When a dedicated team was tasked to prepare ThoughtSpot for potential performance bottlenecks that go along with the ever increasing number of deployments in our customer base, we knew we had to start first by measuring the current state we are in if we wanted to effectively reduce those bottlenecks.
Kicking Off with Chrome Developer Tools
Initially, we used Chrome Developer Tools to analyze performance. Although Chrome’s developer tools are incredibly powerful, they lacked some specific functionality for our purposes in two main areas. First, Chrome’s tools only show network calls, preventing us from drilling down as deeply as we’d like into performance. Secondly, these reports cannot be easily automated, meaning time and resources must be deployed to make them effective.
We needed a system that could automate our performance metrics measurement, much like our then integration tests automated our correctness verification process.

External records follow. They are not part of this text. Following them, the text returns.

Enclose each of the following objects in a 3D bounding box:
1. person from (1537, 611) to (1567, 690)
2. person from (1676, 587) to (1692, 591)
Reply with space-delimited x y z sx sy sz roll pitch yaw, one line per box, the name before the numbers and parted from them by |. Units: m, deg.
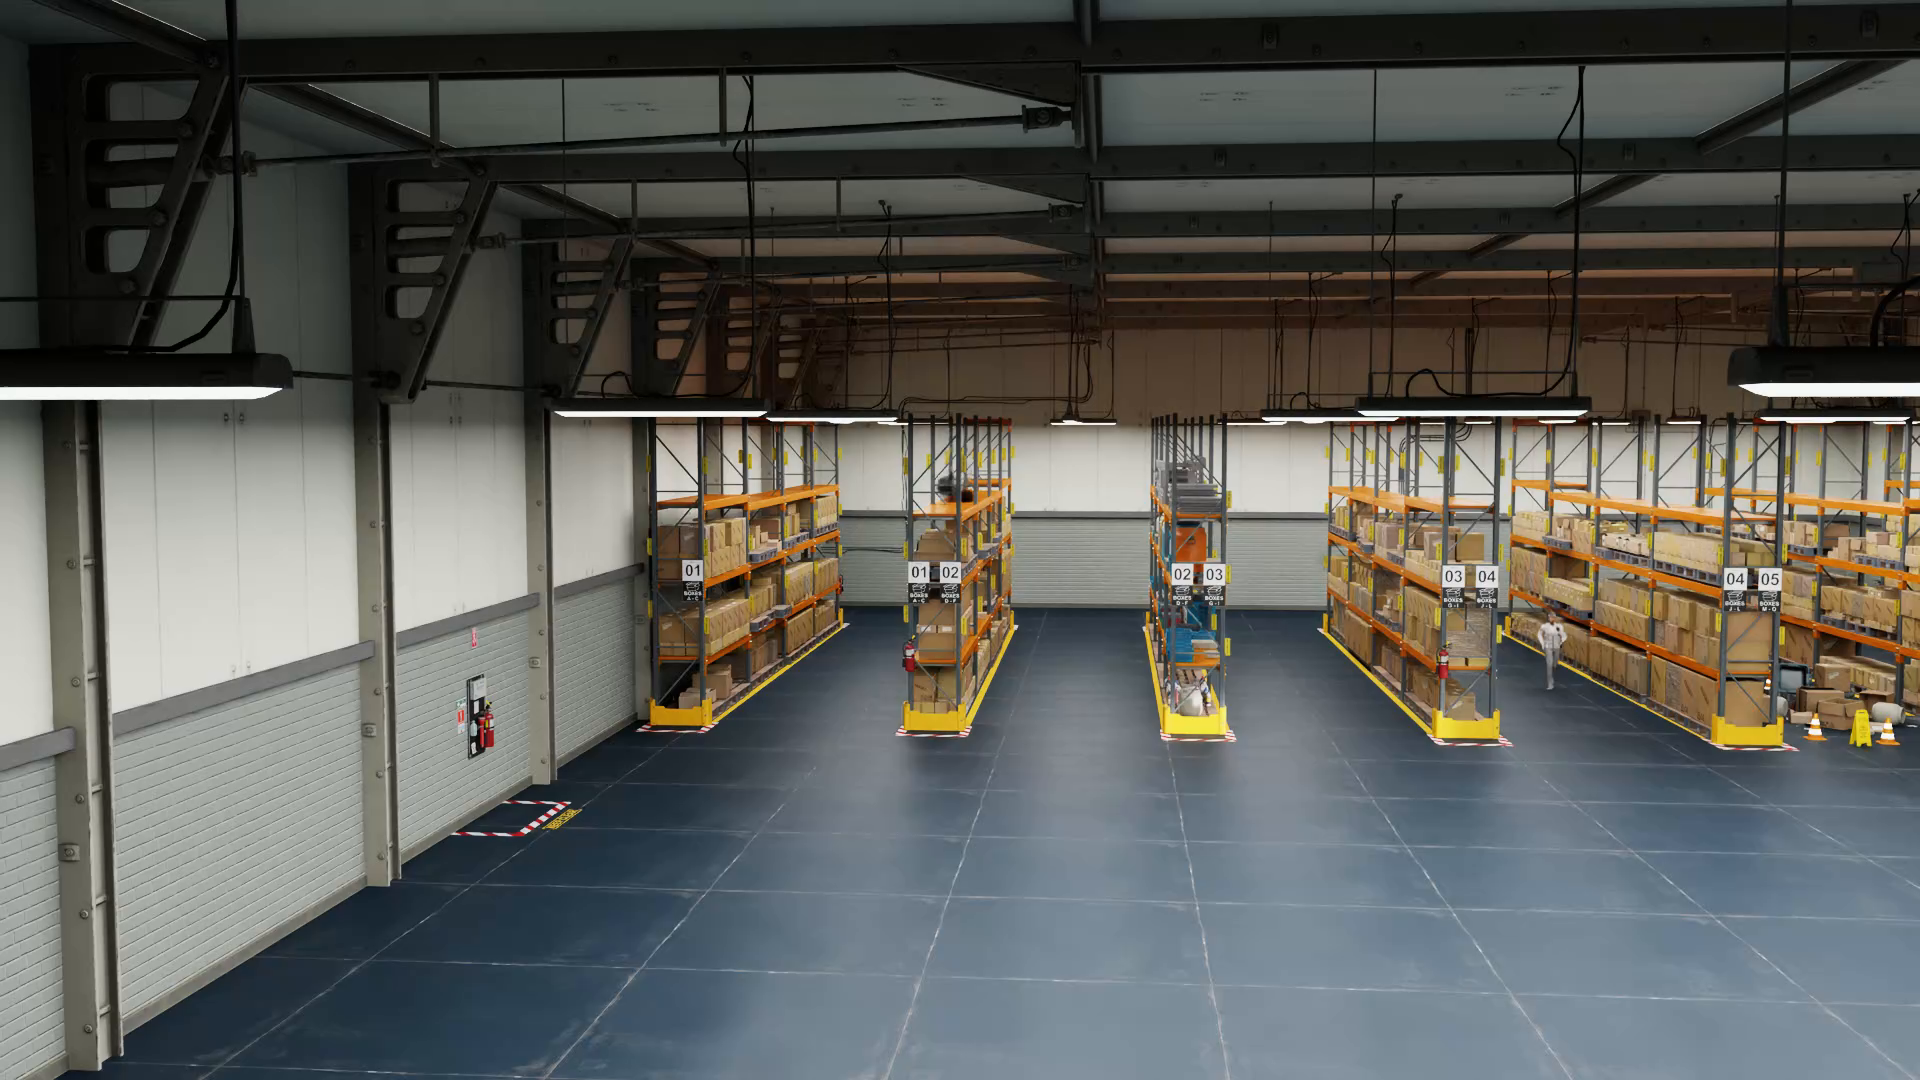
person | 13.043 2.399 36.633 0.608 1.705 0.833 1 4 11
person | 20.635 1.730 47.069 0.772 1.711 0.616 2 4 30

Not only would this allow us to objectively understand and measure the positive impact our various improvements had on the product, but also provide a check against any regressions that gets introduced. If you’re not measuring the good and the bad, what’s the point?
Using Protractor to Measure Performance
We began with an initial list of basic workflows we knew were critical to customers’ success with the product, and began to immediately measure performance metrics related to these workflows. A workflow in this context is defined as a user interaction or a set of user interactions that the user takes to accomplish a certain task, as well as the application’s response to those interactions.
As we were already using Protractor for defining automated correctness scenarios for our angular based front-end application, it made sense for us to evaluate it for our requirements. The advantages of using Protractor were simple. The performance tests would end up using the same APIs as the end-to-end (E2E) scenarios which in turn would mean writing new tests as well maintaining these tests was relatively straightforward.
Using Protractor had a distinct disadvantage though: selenium commands themselves added latency to the whole workflow. After measuring these latencies, we identified that, though these latencies could reach up to half a second, they were rather precise with a range of a tenth of a second. In other words, running these tests multiple times would lead to a latency within a tenth of a second of the original value. This precision was acceptable in the workflows we had defined.
These tests were different from the usual E2E scenarios. Namely, we needed to stitch some code together which measured the time duration of the test runs. To facilitate this, we wrote a wrapper over the protractor, which not only made time measurements of the tests, but also had a capability of timing certain sub-steps in the tests. Additionally, we wanted these tests to be dataset independent and be able to run these tests on various datasets of various complexities. Dataset was kept as a configurable parameter to the tests, so that once we needed to add a new dataset, we only had to define a configuration file listing metadata specifications the tests required. The wrapper also allowed us to add new functionality later, such as executing multiple runs of the tests and averaging results across them to reduce noise, collection of additional data such as browser memory consumption and frame rate, etc.
Leveraging ThoughtSpot’s Tracing Infrastructure
Automating these crucial workflows and measuring its timing gave us a nice platform where we could attribute any major decrease in these timings to optimizations that we had made in our stack, whereas any major increase in these measured timings pointed out that we had regressed somewhere in our stack. To identify where exactly that optimization or regression has been made was our next challenge. That is where ThoughtSpot tracing infrastructure came in.
The idea behind our tracing infrastructure was simple. Whenever one component had a task it that consisted of several subtasks, it could create a trace object for the duration of the task, and with the subtasks also creating such traces, string the subtask traces as the children of the task trace, thus identifying how much which subtask contributed to the task duration. This nesting could go arbitrarily deep as well as measure durations across services.
For example, we created a trace for the duration of the automated workflow. The various network calls made to the metadata service had their own traces, which were children of the workflow trace. In turn, metadata service could create its own traces for various actions it performed and RPC calls it made to other services. All these traces could be visually analyzed by trace viewer utility to narrow down where exactly we had regressed.
Turning Insight into Action
Once we had the basic implementation of what and how we were going to measure performance bottlenecks, the next job was to setup a pipeline where we could run these tests across various scenarios. We set up jobs on Jenkins CI which ran these tests at regular intervals on different datasets. Also, the metrics generated by these jobs were fed into internal ThoughtSpot instances for better visibility and analysis.
Using ThoughtSpot, we were able to create dashboards that gave us a bird’s eye view of these performance metrics on a daily basis. Additionally, by defining bounds on our metrics we were able to set up alerting on slack whenever these metrics deviated from the defined bounds, calling us into action for digging further into them.
This pipeline has given us enough capability to measure, monitor, and analyze the effects of the changes we are making. By adhering to a strict regime of measurement, we have been already been able to identify and begin to fix many of the bottlenecks as well catch a few major regressions which may have gone unnoticed otherwise.